Correlation Between Polar Capital and JPMorgan Emerging
Can any of the company-specific risk be diversified away by investing in both Polar Capital and JPMorgan Emerging at the same time? Although using a correlation coefficient on its own may not help to predict future stock returns, this module helps to understand the diversifiable risk of combining Polar Capital and JPMorgan Emerging into the same portfolio, which is an essential part of the fundamental portfolio management process.
By analyzing existing cross correlation between Polar Capital Technology and JPMorgan Emerging Markets, you can compare the effects of market volatilities on Polar Capital and JPMorgan Emerging and check how they will diversify away market risk if combined in the same portfolio for a given time horizon. You can also utilize pair trading strategies of matching a long position in Polar Capital with a short position of JPMorgan Emerging. Check out your portfolio center. Please also check ongoing floating volatility patterns of Polar Capital and JPMorgan Emerging.
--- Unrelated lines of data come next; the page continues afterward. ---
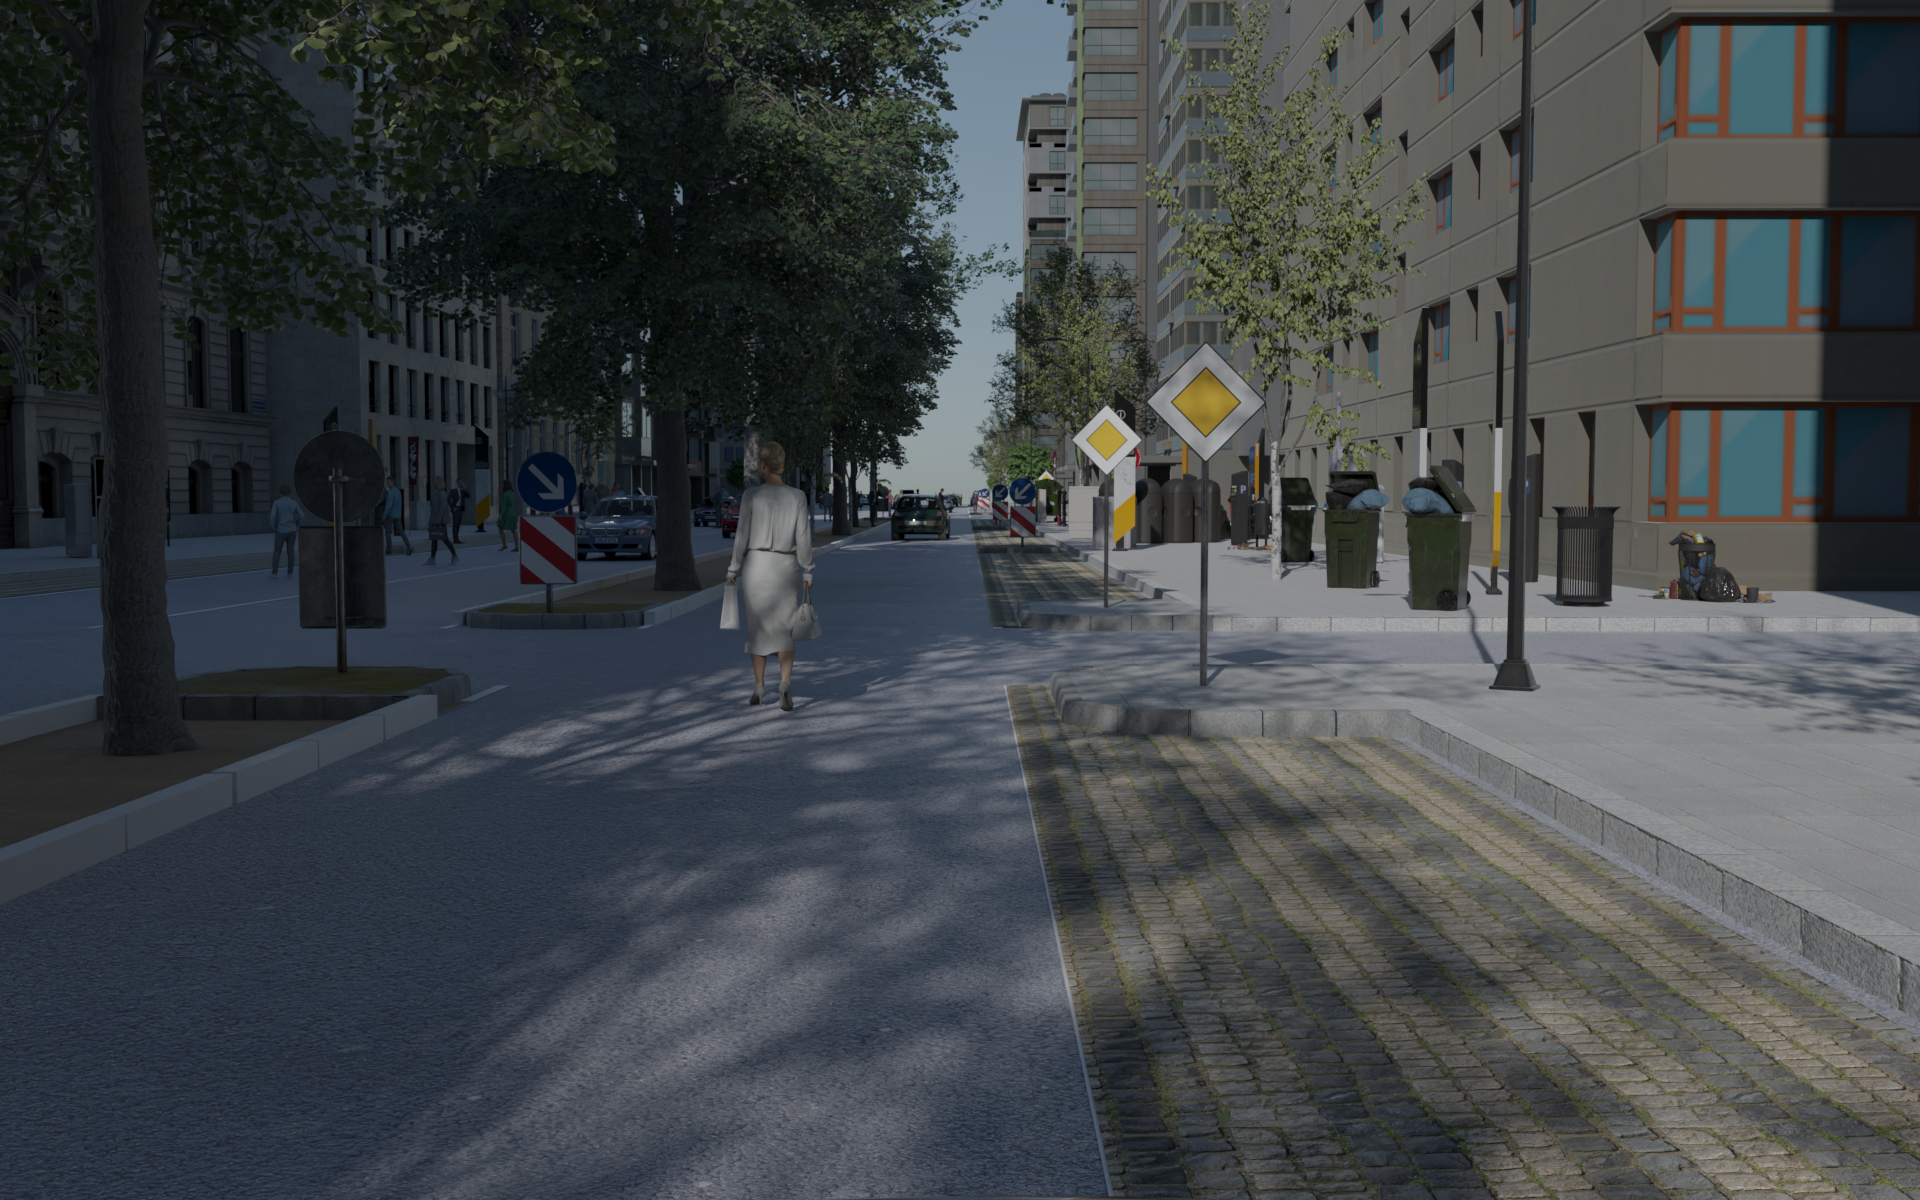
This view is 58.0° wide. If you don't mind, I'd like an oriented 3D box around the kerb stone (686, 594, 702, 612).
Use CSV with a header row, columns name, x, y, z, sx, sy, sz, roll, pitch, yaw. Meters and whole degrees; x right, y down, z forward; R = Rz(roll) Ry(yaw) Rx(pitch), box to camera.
name,x,y,z,sx,sy,sz,roll,pitch,yaw
kerb stone,-3.359,0.056,21.414,0.120,0.150,1.000,0,4,0

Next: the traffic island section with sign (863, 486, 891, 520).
name,x,y,z,sx,sy,sz,roll,pitch,yaw
traffic island section with sign,-4.232,-5.276,94.402,2.006,1.907,1.989,0,4,0

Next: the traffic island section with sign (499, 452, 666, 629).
name,x,y,z,sx,sy,sz,roll,pitch,yaw
traffic island section with sign,-4.429,-0.681,19.263,2.006,1.907,1.989,0,4,0

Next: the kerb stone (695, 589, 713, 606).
name,x,y,z,sx,sy,sz,roll,pitch,yaw
kerb stone,-3.363,-0.012,22.436,0.120,0.150,1.000,0,4,0

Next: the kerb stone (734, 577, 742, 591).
name,x,y,z,sx,sy,sz,roll,pitch,yaw
kerb stone,-3.358,-0.203,25.507,0.120,0.150,1.000,0,4,0

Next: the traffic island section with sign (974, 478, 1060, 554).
name,x,y,z,sx,sy,sz,roll,pitch,yaw
traffic island section with sign,1.401,-2.062,42.335,1.989,1.847,2.006,0,4,0

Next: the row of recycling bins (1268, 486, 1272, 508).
name,x,y,z,sx,sy,sz,roll,pitch,yaw
row of recycling bins,12.150,-3.136,58.386,3.534,1.692,1.069,1,4,19

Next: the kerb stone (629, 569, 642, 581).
name,x,y,z,sx,sy,sz,roll,pitch,yaw
kerb stone,-5.446,-0.389,28.583,0.120,0.150,1.000,0,4,0

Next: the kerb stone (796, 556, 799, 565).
name,x,y,z,sx,sy,sz,roll,pitch,yaw
kerb stone,-3.325,-0.890,36.778,0.120,0.150,1.000,0,4,0

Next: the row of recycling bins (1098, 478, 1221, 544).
name,x,y,z,sx,sy,sz,roll,pitch,yaw
row of recycling bins,5.269,-2.334,45.272,3.534,1.692,1.069,-2,4,-25

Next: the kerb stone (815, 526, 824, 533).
name,x,y,z,sx,sy,sz,roll,pitch,yaw
kerb stone,-5.347,-2.647,65.467,0.120,0.150,1.000,0,4,0

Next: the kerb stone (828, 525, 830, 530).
name,x,y,z,sx,sy,sz,roll,pitch,yaw
kerb stone,-5.342,-2.835,68.547,0.120,0.150,1.000,0,4,0

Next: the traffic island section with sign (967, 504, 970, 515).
name,x,y,z,sx,sy,sz,roll,pitch,yaw
traffic island section with sign,1.625,-6.756,119.086,1.989,1.847,2.006,0,4,0

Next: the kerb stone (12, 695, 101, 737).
name,x,y,z,sx,sy,sz,roll,pitch,yaw
kerb stone,-5.505,0.711,10.581,0.120,0.150,1.000,0,4,0

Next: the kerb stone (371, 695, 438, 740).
name,x,y,z,sx,sy,sz,roll,pitch,yaw
kerb stone,-3.400,0.711,10.566,0.120,0.150,1.000,0,4,0

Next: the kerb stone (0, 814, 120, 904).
name,x,y,z,sx,sy,sz,roll,pitch,yaw
kerb stone,-3.409,0.963,6.444,0.120,0.150,1.000,0,4,0

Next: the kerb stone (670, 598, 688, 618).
name,x,y,z,sx,sy,sz,roll,pitch,yaw
kerb stone,-3.369,0.111,20.385,0.120,0.150,1.000,0,4,0

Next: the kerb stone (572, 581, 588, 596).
name,x,y,z,sx,sy,sz,roll,pitch,yaw
kerb stone,-5.466,-0.136,24.480,0.120,0.150,1.000,0,4,0

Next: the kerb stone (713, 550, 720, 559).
name,x,y,z,sx,sy,sz,roll,pitch,yaw
kerb stone,-5.425,-0.954,37.801,0.120,0.150,1.000,0,4,0

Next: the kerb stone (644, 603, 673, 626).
name,x,y,z,sx,sy,sz,roll,pitch,yaw
kerb stone,-3.378,0.174,19.357,0.120,0.150,1.000,0,4,0

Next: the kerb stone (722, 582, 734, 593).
name,x,y,z,sx,sy,sz,roll,pitch,yaw
kerb stone,-3.360,-0.140,24.485,0.120,0.150,1.000,0,4,0

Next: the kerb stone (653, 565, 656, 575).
name,x,y,z,sx,sy,sz,roll,pitch,yaw
kerb stone,-5.441,-0.516,30.632,0.120,0.150,1.000,0,4,0

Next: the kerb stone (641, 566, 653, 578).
name,x,y,z,sx,sy,sz,roll,pitch,yaw
kerb stone,-5.446,-0.452,29.610,0.120,0.150,1.000,0,4,0

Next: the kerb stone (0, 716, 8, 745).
name,x,y,z,sx,sy,sz,roll,pitch,yaw
kerb stone,-5.493,0.776,9.559,0.120,0.150,1.000,0,4,0

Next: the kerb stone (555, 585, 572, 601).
name,x,y,z,sx,sy,sz,roll,pitch,yaw
kerb stone,-5.463,-0.073,23.458,0.120,0.150,1.000,0,4,0

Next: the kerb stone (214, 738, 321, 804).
name,x,y,z,sx,sy,sz,roll,pitch,yaw
kerb stone,-3.400,0.837,8.504,0.120,0.150,1.000,0,4,0

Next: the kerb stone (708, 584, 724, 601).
name,x,y,z,sx,sy,sz,roll,pitch,yaw
kerb stone,-3.361,-0.077,23.460,0.120,0.150,1.000,0,4,0

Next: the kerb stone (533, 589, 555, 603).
name,x,y,z,sx,sy,sz,roll,pitch,yaw
kerb stone,-5.463,-0.013,22.430,0.120,0.150,1.000,0,4,0

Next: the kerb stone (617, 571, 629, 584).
name,x,y,z,sx,sy,sz,roll,pitch,yaw
kerb stone,-5.461,-0.328,27.555,0.120,0.150,1.000,0,4,0

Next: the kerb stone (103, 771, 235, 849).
name,x,y,z,sx,sy,sz,roll,pitch,yaw
kerb stone,-3.411,0.904,7.473,0.120,0.150,1.000,0,4,0

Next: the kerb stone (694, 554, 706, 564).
name,x,y,z,sx,sy,sz,roll,pitch,yaw
kerb stone,-5.433,-0.829,35.755,0.120,0.150,1.000,0,4,0

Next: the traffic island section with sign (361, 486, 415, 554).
name,x,y,z,sx,sy,sz,roll,pitch,yaw
traffic island section with sign,-14.357,-2.038,41.955,1.989,1.847,2.006,0,4,0

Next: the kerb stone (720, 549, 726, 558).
name,x,y,z,sx,sy,sz,roll,pitch,yaw
kerb stone,-5.425,-1.004,38.824,0.120,0.150,1.000,0,4,0

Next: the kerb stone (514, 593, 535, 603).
name,x,y,z,sx,sy,sz,roll,pitch,yaw
kerb stone,-5.473,0.049,21.398,0.120,0.150,1.000,0,4,0

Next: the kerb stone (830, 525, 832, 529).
name,x,y,z,sx,sy,sz,roll,pitch,yaw
kerb stone,-5.328,-2.897,69.569,0.120,0.150,1.000,0,4,0

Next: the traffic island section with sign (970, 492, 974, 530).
name,x,y,z,sx,sy,sz,roll,pitch,yaw
traffic island section with sign,1.489,-3.710,69.290,1.989,1.847,2.006,0,4,0

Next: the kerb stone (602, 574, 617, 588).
name,x,y,z,sx,sy,sz,roll,pitch,yaw
kerb stone,-5.449,-0.263,26.524,0.120,0.150,1.000,0,4,0

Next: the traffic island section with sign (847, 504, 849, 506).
name,x,y,z,sx,sy,sz,roll,pitch,yaw
traffic island section with sign,-13.856,-13.394,227.627,1.989,1.847,2.006,0,4,0

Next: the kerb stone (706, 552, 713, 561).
name,x,y,z,sx,sy,sz,roll,pitch,yaw
kerb stone,-5.432,-0.892,36.779,0.120,0.150,1.000,0,4,0

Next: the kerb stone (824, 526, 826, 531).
name,x,y,z,sx,sy,sz,roll,pitch,yaw
kerb stone,-5.346,-2.707,66.495,0.120,0.150,1.000,0,4,0

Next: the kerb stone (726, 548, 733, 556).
name,x,y,z,sx,sy,sz,roll,pitch,yaw
kerb stone,-5.417,-1.079,39.845,0.120,0.150,1.000,0,4,0

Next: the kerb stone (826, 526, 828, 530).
name,x,y,z,sx,sy,sz,roll,pitch,yaw
kerb stone,-5.340,-2.771,67.525,0.120,0.150,1.000,0,4,0

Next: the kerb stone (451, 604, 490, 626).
name,x,y,z,sx,sy,sz,roll,pitch,yaw
kerb stone,-5.473,0.174,19.345,0.120,0.150,1.000,0,4,0

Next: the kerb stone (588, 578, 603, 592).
name,x,y,z,sx,sy,sz,roll,pitch,yaw
kerb stone,-5.461,-0.202,25.502,0.120,0.150,1.000,0,4,0

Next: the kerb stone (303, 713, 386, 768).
name,x,y,z,sx,sy,sz,roll,pitch,yaw
kerb stone,-3.402,0.775,9.532,0.120,0.150,1.000,0,4,0

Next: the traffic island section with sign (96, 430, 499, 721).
name,x,y,z,sx,sy,sz,roll,pitch,yaw
traffic island section with sign,-4.460,-0.227,11.856,2.006,1.907,1.989,0,4,0

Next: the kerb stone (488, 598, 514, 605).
name,x,y,z,sx,sy,sz,roll,pitch,yaw
kerb stone,-5.468,0.111,20.376,0.120,0.150,1.000,0,4,0

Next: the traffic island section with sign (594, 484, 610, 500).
name,x,y,z,sx,sy,sz,roll,pitch,yaw
traffic island section with sign,-14.290,-3.687,68.910,1.989,1.847,2.006,0,4,0

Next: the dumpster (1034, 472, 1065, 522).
name,x,y,z,sx,sy,sz,roll,pitch,yaw
dumpster,3.952,-4.641,78.372,1.502,2.255,1.985,0,4,0

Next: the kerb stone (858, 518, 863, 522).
name,x,y,z,sx,sy,sz,roll,pitch,yaw
kerb stone,-5.273,-4.338,93.125,0.120,0.150,1.000,0,4,0

Diversification Opportunities for Polar Capital and JPMorgan Emerging
0.69 | Correlation Coefficient |
Poor diversification
The 3 months correlation between Polar and JPMorgan is 0.69. Overlapping area represents the amount of risk that can be diversified away by holding Polar Capital Technology and JPMorgan Emerging Markets in the same portfolio, assuming nothing else is changed. The correlation between historical prices or returns on JPMorgan Emerging Markets and Polar Capital is a relative statistical measure of the degree to which these equity instruments tend to move together. The correlation coefficient measures the extent to which returns on Polar Capital Technology are associated (or correlated) with JPMorgan Emerging. Values of the correlation coefficient range from -1 to +1, where. The correlation of zero (0) is possible when the price movement of JPMorgan Emerging Markets has no effect on the direction of Polar Capital i.e., Polar Capital and JPMorgan Emerging go up and down completely randomly.
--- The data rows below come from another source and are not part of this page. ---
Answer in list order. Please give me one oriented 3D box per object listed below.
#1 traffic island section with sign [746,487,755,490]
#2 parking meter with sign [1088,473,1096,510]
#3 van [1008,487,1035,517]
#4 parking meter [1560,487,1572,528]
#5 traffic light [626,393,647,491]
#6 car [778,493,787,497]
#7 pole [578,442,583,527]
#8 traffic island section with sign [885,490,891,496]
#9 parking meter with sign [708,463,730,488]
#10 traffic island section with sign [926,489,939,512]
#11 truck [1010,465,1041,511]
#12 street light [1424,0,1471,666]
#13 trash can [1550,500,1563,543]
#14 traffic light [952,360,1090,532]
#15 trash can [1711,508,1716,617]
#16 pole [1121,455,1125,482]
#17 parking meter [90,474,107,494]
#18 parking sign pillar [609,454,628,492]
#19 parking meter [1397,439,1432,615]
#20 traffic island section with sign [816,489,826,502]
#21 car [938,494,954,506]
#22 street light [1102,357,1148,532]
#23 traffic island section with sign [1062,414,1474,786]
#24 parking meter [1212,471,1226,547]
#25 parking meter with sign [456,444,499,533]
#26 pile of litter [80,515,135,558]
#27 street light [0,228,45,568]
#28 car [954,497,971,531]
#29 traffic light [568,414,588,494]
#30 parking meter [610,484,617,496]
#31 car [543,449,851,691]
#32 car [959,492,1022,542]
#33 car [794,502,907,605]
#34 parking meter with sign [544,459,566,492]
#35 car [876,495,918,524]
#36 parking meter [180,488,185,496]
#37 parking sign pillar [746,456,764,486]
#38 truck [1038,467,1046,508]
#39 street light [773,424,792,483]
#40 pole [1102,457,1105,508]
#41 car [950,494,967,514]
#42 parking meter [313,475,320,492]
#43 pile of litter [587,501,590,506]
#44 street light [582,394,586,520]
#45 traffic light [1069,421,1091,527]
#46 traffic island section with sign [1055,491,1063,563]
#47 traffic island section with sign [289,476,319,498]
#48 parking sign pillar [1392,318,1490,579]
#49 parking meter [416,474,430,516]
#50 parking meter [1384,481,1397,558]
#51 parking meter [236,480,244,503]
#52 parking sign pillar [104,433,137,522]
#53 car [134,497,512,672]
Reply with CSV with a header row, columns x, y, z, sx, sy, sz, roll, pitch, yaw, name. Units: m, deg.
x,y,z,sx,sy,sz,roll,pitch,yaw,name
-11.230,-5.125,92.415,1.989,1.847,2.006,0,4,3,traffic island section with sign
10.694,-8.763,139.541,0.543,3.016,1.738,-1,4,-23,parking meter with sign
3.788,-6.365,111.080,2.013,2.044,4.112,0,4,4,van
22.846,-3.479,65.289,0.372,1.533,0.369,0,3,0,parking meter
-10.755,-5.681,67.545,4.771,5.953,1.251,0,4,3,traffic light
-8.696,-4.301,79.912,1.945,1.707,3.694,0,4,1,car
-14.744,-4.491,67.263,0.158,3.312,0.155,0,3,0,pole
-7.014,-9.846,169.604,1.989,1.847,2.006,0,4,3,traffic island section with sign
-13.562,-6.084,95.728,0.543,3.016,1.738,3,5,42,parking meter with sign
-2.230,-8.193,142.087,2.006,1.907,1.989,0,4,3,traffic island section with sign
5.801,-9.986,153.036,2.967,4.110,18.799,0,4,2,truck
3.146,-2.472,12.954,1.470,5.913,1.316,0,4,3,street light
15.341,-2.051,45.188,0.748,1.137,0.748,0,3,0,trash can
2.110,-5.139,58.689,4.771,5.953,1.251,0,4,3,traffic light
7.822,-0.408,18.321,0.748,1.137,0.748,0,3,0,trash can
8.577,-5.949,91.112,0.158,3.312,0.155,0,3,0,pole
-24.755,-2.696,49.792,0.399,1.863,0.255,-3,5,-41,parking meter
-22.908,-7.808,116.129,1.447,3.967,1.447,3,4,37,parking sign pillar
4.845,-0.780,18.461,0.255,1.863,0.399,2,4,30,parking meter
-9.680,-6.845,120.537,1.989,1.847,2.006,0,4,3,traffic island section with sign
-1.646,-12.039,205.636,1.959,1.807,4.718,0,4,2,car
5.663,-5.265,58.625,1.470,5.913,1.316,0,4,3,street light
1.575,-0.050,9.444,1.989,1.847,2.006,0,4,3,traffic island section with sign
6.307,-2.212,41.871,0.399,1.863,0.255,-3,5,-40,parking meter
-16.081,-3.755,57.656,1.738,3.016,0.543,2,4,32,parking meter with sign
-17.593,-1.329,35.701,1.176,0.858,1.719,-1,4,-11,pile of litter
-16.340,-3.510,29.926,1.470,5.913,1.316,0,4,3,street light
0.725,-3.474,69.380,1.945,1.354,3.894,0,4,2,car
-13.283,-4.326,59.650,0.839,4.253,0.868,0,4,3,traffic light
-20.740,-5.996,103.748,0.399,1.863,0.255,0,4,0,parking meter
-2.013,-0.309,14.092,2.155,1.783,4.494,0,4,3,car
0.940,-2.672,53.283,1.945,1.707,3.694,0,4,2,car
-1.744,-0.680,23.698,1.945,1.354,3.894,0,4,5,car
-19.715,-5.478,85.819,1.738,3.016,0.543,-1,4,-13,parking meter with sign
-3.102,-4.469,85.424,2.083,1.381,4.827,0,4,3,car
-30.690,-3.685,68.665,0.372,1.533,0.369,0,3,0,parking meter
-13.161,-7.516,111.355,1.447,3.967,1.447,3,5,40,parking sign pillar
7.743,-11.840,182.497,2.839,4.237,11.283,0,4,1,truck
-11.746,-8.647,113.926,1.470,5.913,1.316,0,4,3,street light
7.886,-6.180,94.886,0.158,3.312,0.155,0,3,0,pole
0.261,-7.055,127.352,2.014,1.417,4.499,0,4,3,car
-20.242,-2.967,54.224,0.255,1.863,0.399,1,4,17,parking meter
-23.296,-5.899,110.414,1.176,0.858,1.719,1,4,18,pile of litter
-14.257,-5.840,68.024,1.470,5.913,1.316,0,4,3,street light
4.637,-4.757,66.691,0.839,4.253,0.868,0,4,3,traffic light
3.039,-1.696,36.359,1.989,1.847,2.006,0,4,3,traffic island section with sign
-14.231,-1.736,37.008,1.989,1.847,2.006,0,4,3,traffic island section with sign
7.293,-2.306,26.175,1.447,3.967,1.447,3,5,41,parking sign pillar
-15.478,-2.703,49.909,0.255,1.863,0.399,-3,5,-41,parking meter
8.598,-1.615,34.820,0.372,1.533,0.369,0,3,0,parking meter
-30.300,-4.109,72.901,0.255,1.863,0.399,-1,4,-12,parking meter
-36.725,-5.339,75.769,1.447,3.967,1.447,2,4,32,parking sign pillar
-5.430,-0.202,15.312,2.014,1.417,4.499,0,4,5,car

Pair Corralation between Polar Capital and JPMorgan Emerging
Assuming the 90 days trading horizon Polar Capital Technology is expected to generate 1.62 times more return on investment than JPMorgan Emerging. However, Polar Capital is 1.62 times more volatile than JPMorgan Emerging Markets. It trades about 0.07 of its potential returns per unit of risk. JPMorgan Emerging Markets is currently generating about 0.1 per unit of risk. If you would invest 35,450 in Polar Capital Technology on November 2, 2024 and sell it today you would earn a total of 950.00 from holding Polar Capital Technology or generate 2.68% return on investment over 90 days.
Time Period | 3 Months [change] |
Direction | Moves Together |
Strength | Significant |
Accuracy | 100.0% |
Values | Daily Returns |
Polar Capital Technology vs. JPMorgan Emerging Markets
Performance |
Timeline |
Polar Capital Technology |
JPMorgan Emerging Markets |
Polar Capital and JPMorgan Emerging Volatility Contrast
Predicted Return Density |
Returns |
Pair Trading with Polar Capital and JPMorgan Emerging
The main advantage of trading using opposite Polar Capital and JPMorgan Emerging positions is that it hedges away some unsystematic risk. Because of two separate transactions, even if Polar Capital position performs unexpectedly, JPMorgan Emerging can make up some of the losses. Pair trading also minimizes risk from directional movements in the market. For example, if an entire industry or sector drops because of unexpected headlines, the short position in JPMorgan Emerging will offset losses from the drop in JPMorgan Emerging's long position.Polar Capital vs. Endeavour Mining Corp | Polar Capital vs. Jacquet Metal Service | Polar Capital vs. Tyson Foods Cl | Polar Capital vs. Tatton Asset Management |
JPMorgan Emerging vs. Hilton Food Group | JPMorgan Emerging vs. United Utilities Group | JPMorgan Emerging vs. Aeorema Communications Plc | JPMorgan Emerging vs. Zegona Communications Plc |
Check out your portfolio center.Note that this page's information should be used as a complementary analysis to find the right mix of equity instruments to add to your existing portfolios or create a brand new portfolio. You can also try the Equity Search module to search for actively traded equities including funds and ETFs from over 30 global markets.